Nadezhda Mandelstam photo

Nadezhda Mandelstam

Nadezhda Yakovlevna Mandelstam (Russian: Надежда Яковлевна Мандельштам, née Hazin; 31 October 1899 – 29 December 1980) was a Russian writer and a wife of poet Osip Mandelstam.

Born in Saratov into a middle-class Jewish family, she spent her early years in Kiev. After the gymnasium she studied art.

After their marriage in 1921, Nadezhda and Osip Mandelstam lived in Ukraine, Petrograd, Moscow, and Georgia. Osip was arrested in 1934 for his Stalin Epigram and exiled with Nadezhda to Cherdyn, in the Perm region and later to Voronezh.

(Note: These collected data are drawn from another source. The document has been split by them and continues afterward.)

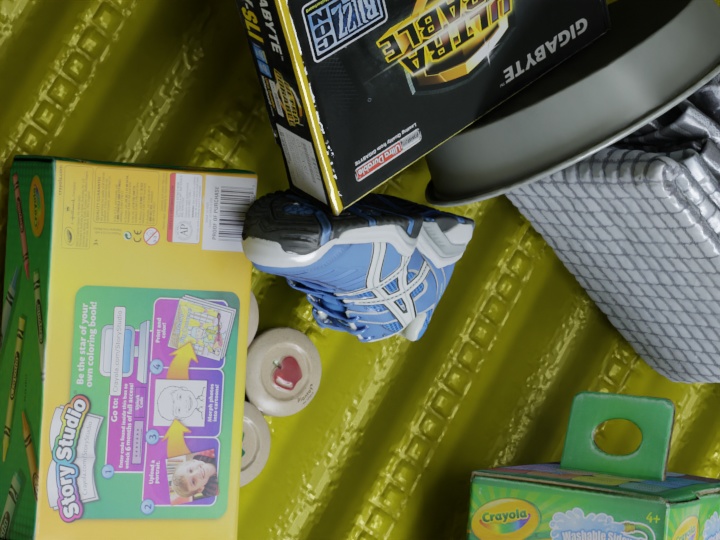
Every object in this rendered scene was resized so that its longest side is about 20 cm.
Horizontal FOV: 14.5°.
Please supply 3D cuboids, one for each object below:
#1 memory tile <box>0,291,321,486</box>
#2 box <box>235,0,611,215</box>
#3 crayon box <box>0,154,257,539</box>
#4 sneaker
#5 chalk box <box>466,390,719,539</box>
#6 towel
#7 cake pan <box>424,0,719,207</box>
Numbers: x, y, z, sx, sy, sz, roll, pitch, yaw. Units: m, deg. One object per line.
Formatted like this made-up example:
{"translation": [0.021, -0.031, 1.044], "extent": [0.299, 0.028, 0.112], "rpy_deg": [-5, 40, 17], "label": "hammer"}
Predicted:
{"translation": [-0.119, 0.084, 1.511], "extent": [0.153, 0.017, 0.200], "rpy_deg": [43, 73, -25], "label": "memory tile"}
{"translation": [0.032, -0.148, 1.446], "extent": [0.200, 0.049, 0.160], "rpy_deg": [-34, 128, -25], "label": "box"}
{"translation": [-0.122, 0.043, 1.463], "extent": [0.119, 0.058, 0.200], "rpy_deg": [3, 91, -30], "label": "crayon box"}
{"translation": [0.000, 0.000, 1.509], "extent": [0.200, 0.076, 0.077], "rpy_deg": [5, 101, -60], "label": "sneaker"}
{"translation": [0.136, 0.170, 1.582], "extent": [0.124, 0.124, 0.200], "rpy_deg": [0, 94, -61], "label": "chalk box"}
{"translation": [0.187, -0.021, 1.601], "extent": [0.200, 0.165, 0.086], "rpy_deg": [47, 67, -25], "label": "towel"}
{"translation": [0.116, -0.100, 1.534], "extent": [0.200, 0.200, 0.037], "rpy_deg": [-35, 103, -24], "label": "cake pan"}
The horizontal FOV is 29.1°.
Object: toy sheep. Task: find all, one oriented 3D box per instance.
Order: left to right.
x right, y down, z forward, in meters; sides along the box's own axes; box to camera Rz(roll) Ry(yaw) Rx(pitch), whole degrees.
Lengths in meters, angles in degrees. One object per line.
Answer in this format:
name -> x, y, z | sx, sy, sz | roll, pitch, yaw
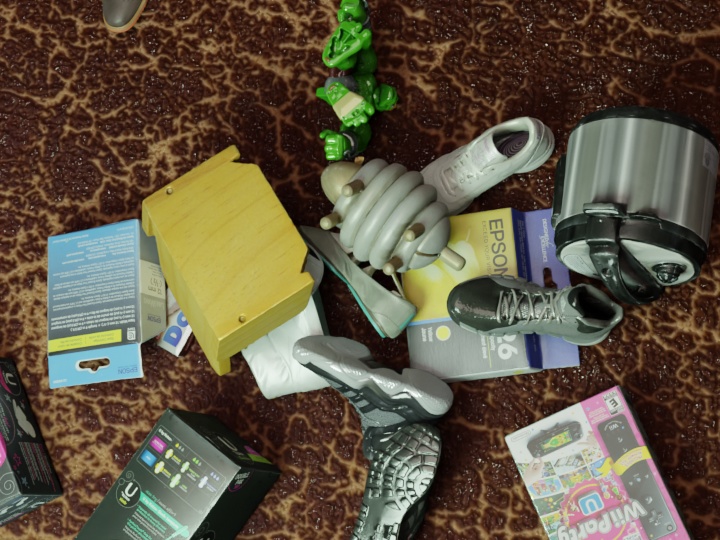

After Osip Mandelstam's second arrest and his subsequent death at a transit camp "Vtoraya Rechka" near Vladivostok in 1938, Nadezhda Mandelstam led an almost nomadic way of life, dodging her expected arrest and frequently changing places of residence and temporary jobs. On at least one occasion, in Kalinin, the NKVD came for her the next day after she fled.

As her mission in life, she set to preserve and publish her husband's poetic heritage. She managed to keep most of it memorized because she did not trust paper.

After the death of Stalin, Nadezhda Mandelstam completed her dissertation (1956) and some years after was allowed to return to Moscow (1964).

In her memoirs, Hope Against Hope and Hope Abandoned, first published in the West, she gives an epic analysis of her life and criticizes the moral and cultural degradation of the Soviet Union of the 1920s and later. The titles of her memoirs are puns, Nadezhda in Russian meaning "hope".

In 1976 she gave her archives to Princeton University. Nadezhda Mandelstam died in 1980 in Moscow, aged 81.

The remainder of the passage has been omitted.